I use the information the client provides to guide my search for a singer with a suitable background and recorded demo so I can show the client their work. Sometimes the singers are experienced professionals, other times they are talented amateurs who are also videogame fans. Overall, it’s important to find one who has the quality and presence to make the song come alive for any listener.

With all the vocal music we have heard in our lives, it’s virtually impossible not to compare it to what we’ve heard in the mainstream media, at least on a subconscious level. If it has obvious flaws, it becomes easy to criticize. But over time, I’ve found that a catchy, well-crafted song wins fans quickly. In the case of Seasons Of The Wolf, the singer and I had already worked on several projects together and established a strong rapport throughout that process. This has gone a long way to ensuring the vibrancy and accessibility of our work.

When the vocals are locked down, the next step is to track instruments and mix the project. Parts of this can be live and others virtual, but I find that live work is generally better than samples.

Mixing and mastering are disciplines that take years of practice, but having put in over a decade and a half of those years, I now do all my own production. Once finalized, the mix goes out to the client for approval. Often developers will request to make a separate 1:30 version of the song to accompany a promotional video. Upon final sign-off, I deliver all assets to the developer in whatever file format is desired and sit back for a well-deserved twenty minutes of rest.



Remember, it’s a business

Everyone in the production chain needs to be compensated: singer, live instrumentalists, studio engineers, and any other individuals directly involved in the production process.

Beyond that, large publishers may want to buy out the rights to the song if they have a reasonable budget to do so. Smaller developers typically offer less money in exchange for not keeping the publishing rights to the song after the game’s release. It’s been my experience that videogame theme songs can sell well on iTunes compared to whole instrumental soundtracks, especially when amplified by an attention-getting promotional video.

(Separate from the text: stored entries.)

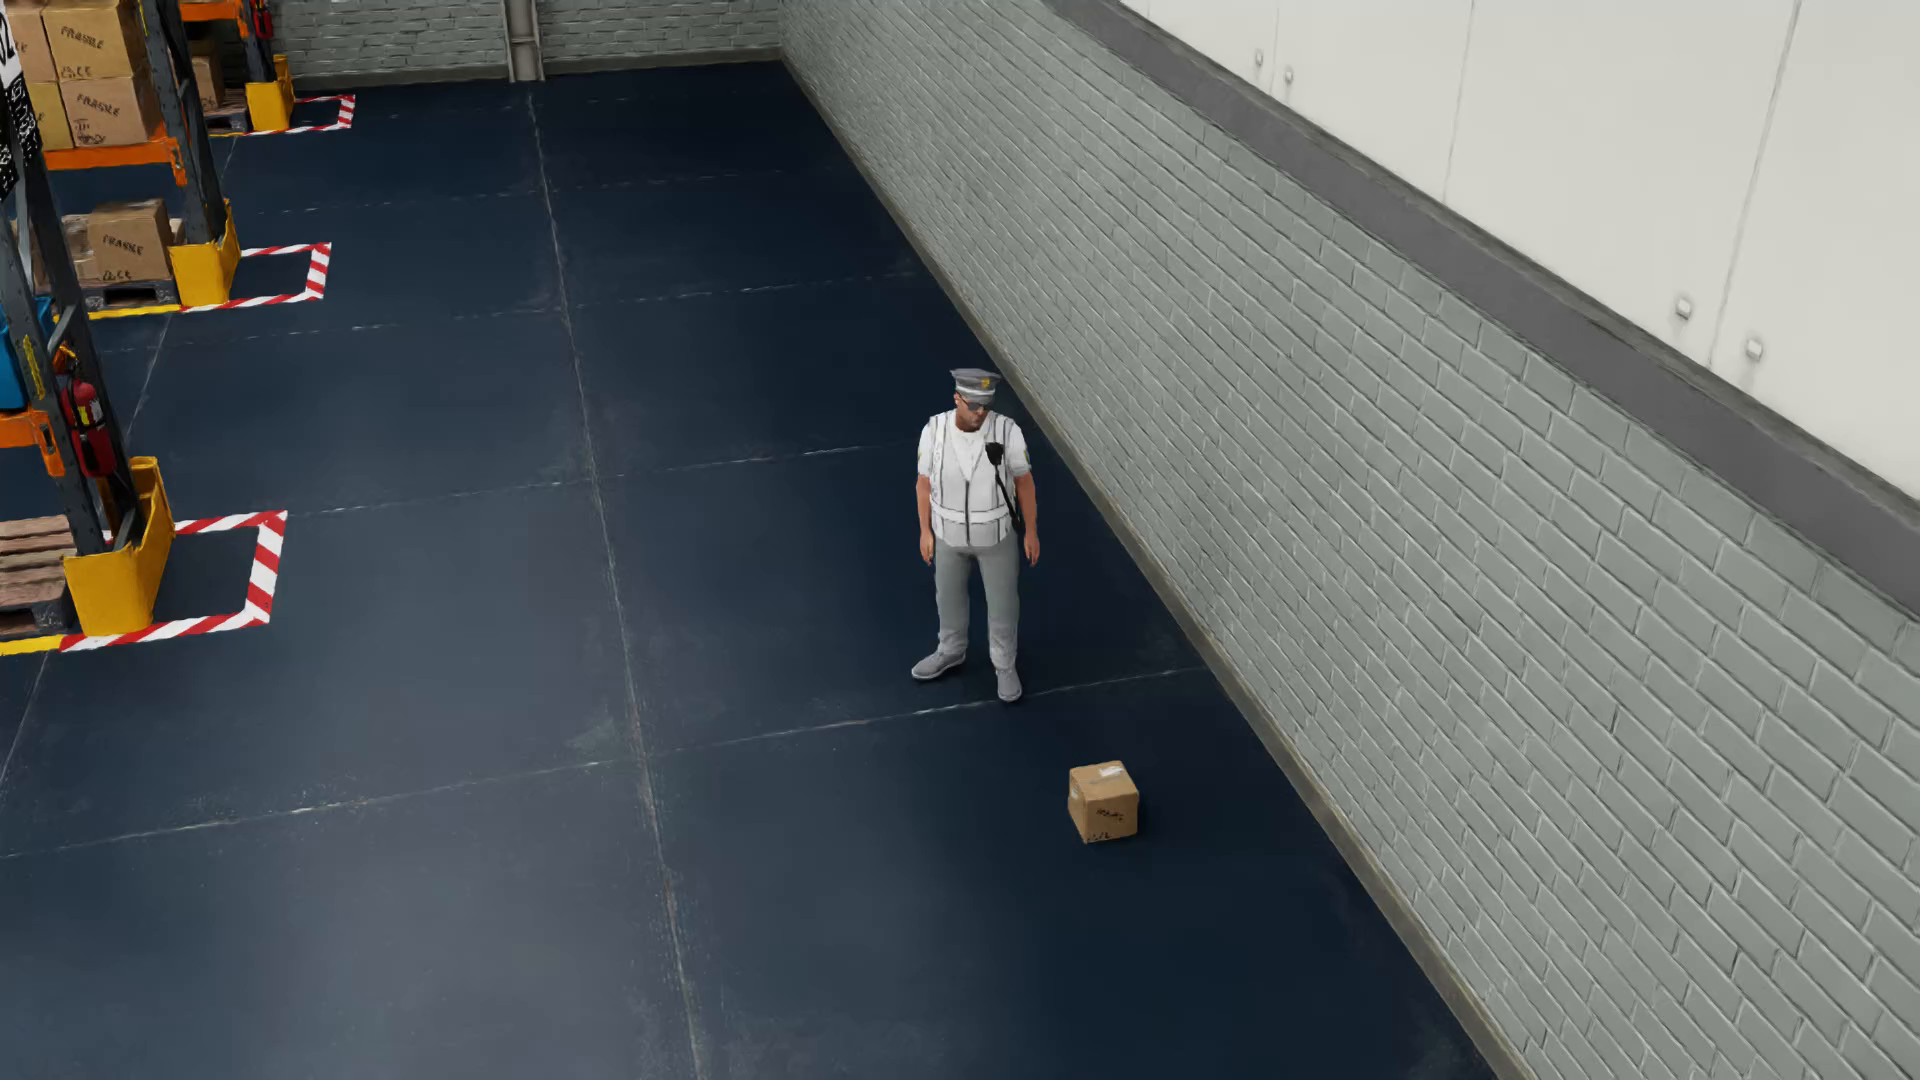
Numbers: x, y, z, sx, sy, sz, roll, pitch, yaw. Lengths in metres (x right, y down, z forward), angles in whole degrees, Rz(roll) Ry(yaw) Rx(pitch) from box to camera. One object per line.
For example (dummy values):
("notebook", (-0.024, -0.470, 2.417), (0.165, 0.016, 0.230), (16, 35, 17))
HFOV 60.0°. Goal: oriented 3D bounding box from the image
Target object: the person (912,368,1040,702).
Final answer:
("person", (0.075, -0.044, 8.252), (0.655, 1.766, 0.408), (5, 30, 9))

One of my central tenets of theme song projects is, “the game is the star, not the singer. That’s why we’re here, to make the game, not ourselves, as cool as possible.” However, the song can also have a life outside the game in a way that's different from other kinds of audio, and when it does, everybody wins: developer, singer, producer, and of most important of all, players and fans.

It's not uncommon for players to discover the game through the music on YouTube first. That’s what makes the creation of winning videogame theme songs such an exciting opportunity and why I’m truly grateful for every one I get.